I'm more concerned about finding the right flywheel with a ring gear. The kits online for the GX240/GX270s don't list the dimensions of the flywheels anywhere but before I even worry about that, the flywheels in the kits look different and have a very different looking plate on the front.










Here's a kit for reference:









Below are the dimensions of the stock flywheel:


----------



## iowagold (Jan 22, 2020)

they also have different pick up for the spark.
upper left of the pix of the rotor.
you need to miss the ring gear.


----------



## iowagold (Jan 22, 2020)

ok yea the flywheel needs to have the magnets for the rotor / generator.
most of the basic flywheels do not have those.


----------



## drmerdp (Apr 10, 2018)

iowagold said:


> ok yea the flywheel needs to have the magnets for the rotor / generator.
> most of the basic flywheels do not have those.


Yeah… I though that engine had a flywheel on the front for the ignition on the front of the motor and a rotor for the stator on the back.

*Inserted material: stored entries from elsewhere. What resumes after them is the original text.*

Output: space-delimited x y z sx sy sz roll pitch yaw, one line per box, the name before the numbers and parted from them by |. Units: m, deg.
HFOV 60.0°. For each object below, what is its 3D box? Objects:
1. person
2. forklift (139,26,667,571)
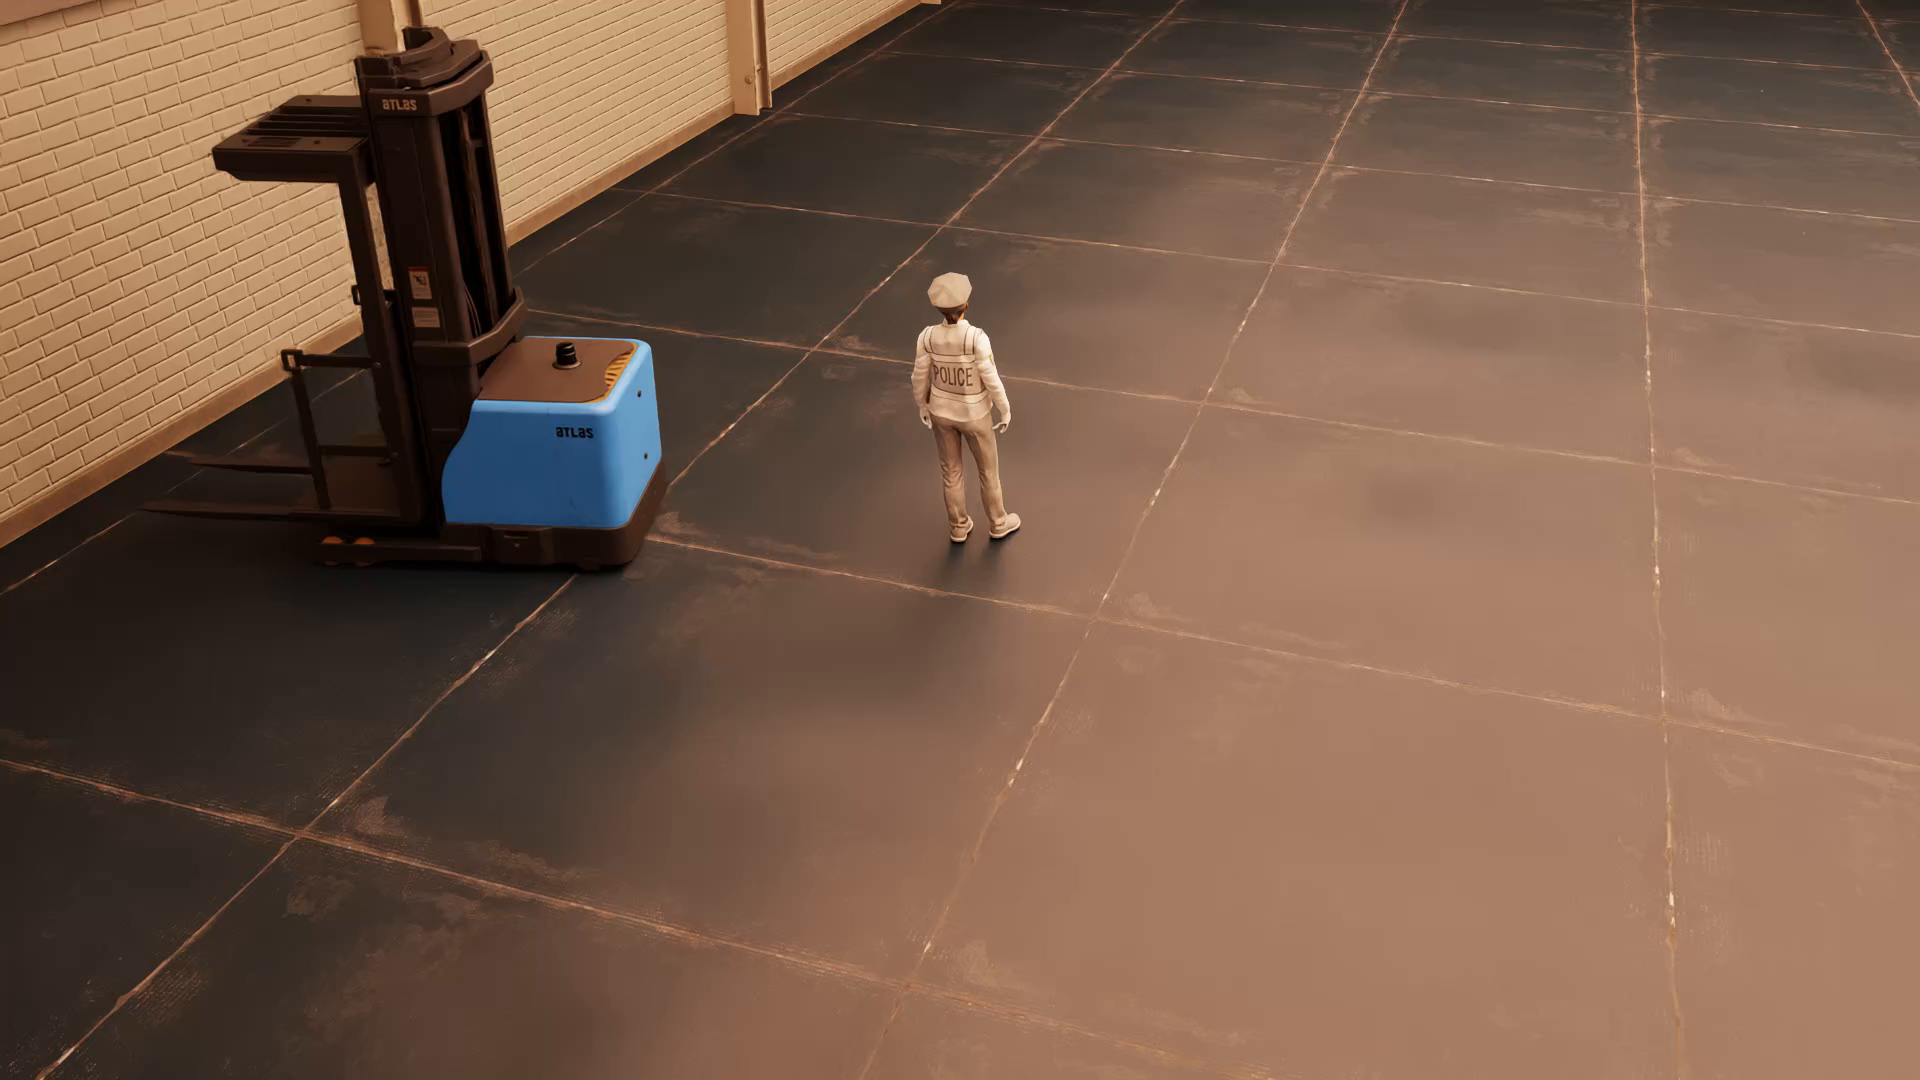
person | 0.028 -0.773 9.727 0.588 1.695 0.531 10 31 16
forklift | -3.393 -1.376 9.550 3.031 2.935 1.130 2 30 4
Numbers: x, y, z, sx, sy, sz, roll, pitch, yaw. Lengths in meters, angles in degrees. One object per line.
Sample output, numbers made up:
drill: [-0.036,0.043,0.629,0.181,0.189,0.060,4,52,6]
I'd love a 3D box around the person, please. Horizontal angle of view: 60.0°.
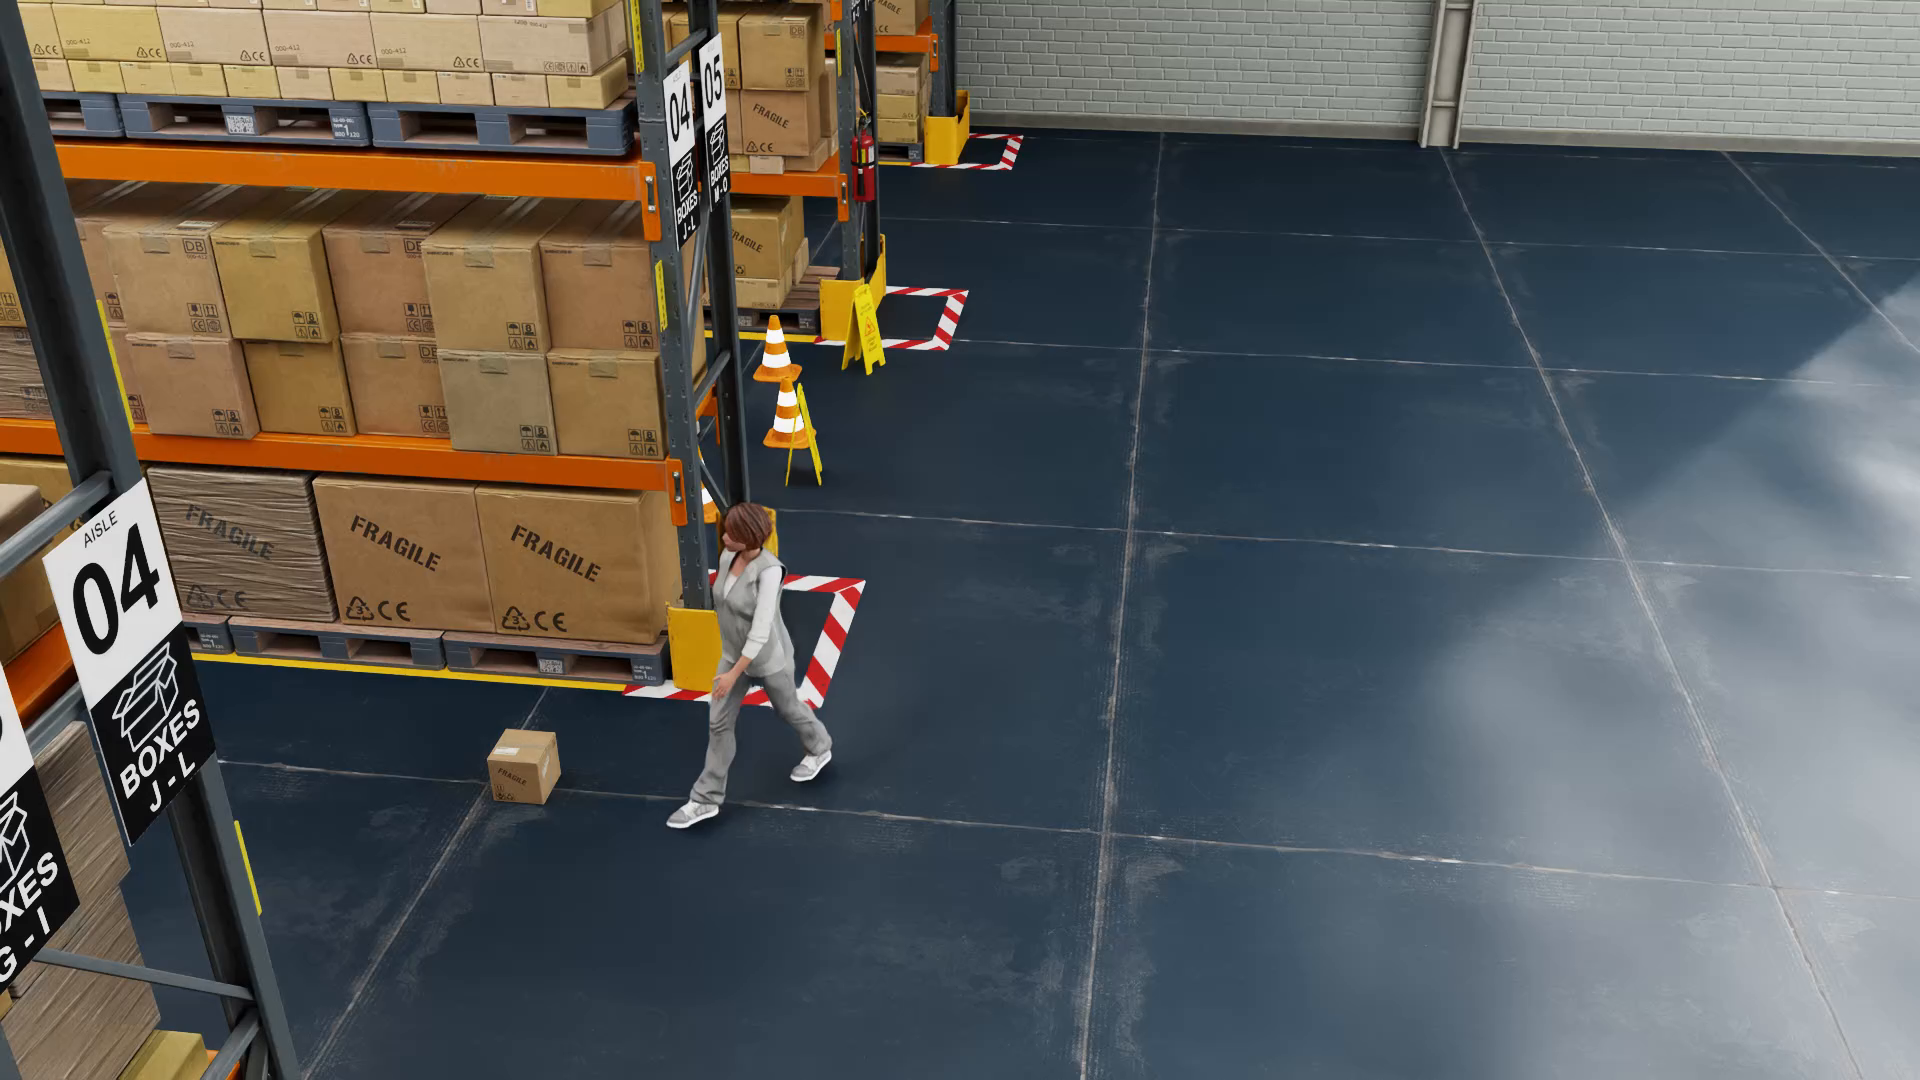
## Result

Instead it has a pulse generator and a ignition winding built into the stator.


----------



## iowagold (Jan 22, 2020)

built like the eu2000,eu2200, 3000
that is a thought how close is a standard eu3000i flywheel/ rotor?


----------



## drmerdp (Apr 10, 2018)

Maybe, the champion 301 is basically a derivative of the gx270. But the eu3000 is a gx200. Hard to say.


----------



## kairus00 (Sep 9, 2021)

iowagold said:


> built like the eu2000,eu2200, 3000
> that is a thought how close is a standard eu3000i flywheel/ rotor?


Keen eye. It is very similar. I looked at both the EU3000 and EU7000 and there's no ring gear on either model's flywheel. It looks like these units have the starter motor built into the recoil starter housing. Interesting!


----------



## tabora (Sep 6, 2018)

kairus00 said:


> I'm more concerned about finding the right flywheel with a ring gear.


I'm confused. Did you miss post #7 above?


tabora said:


> Looks like they're the same diameter 210mm and the e-start one is just 8mm thicker because of the ring gear. Those look to be interchangeable.


----------



## kairus00 (Sep 9, 2021)

tabora said:


> I'm confused. Did you miss post #7 above?


The problem is sourcing that part. I'm still trying to get one from Champion or Rato.


----------



## blamblam67 (5 mo ago)

Hello,
I have the same generator. Did you ever figure out a way to do this? Looking to do it myself. Thank you!


----------



## kairus00 (Sep 9, 2021)

blamblam67 said:


> Hello,
> I have the same generator. Did you ever figure out a way to do this? Looking to do it myself. Thank you!


Unfortunately no. I bought another generator that came with remote start.


----------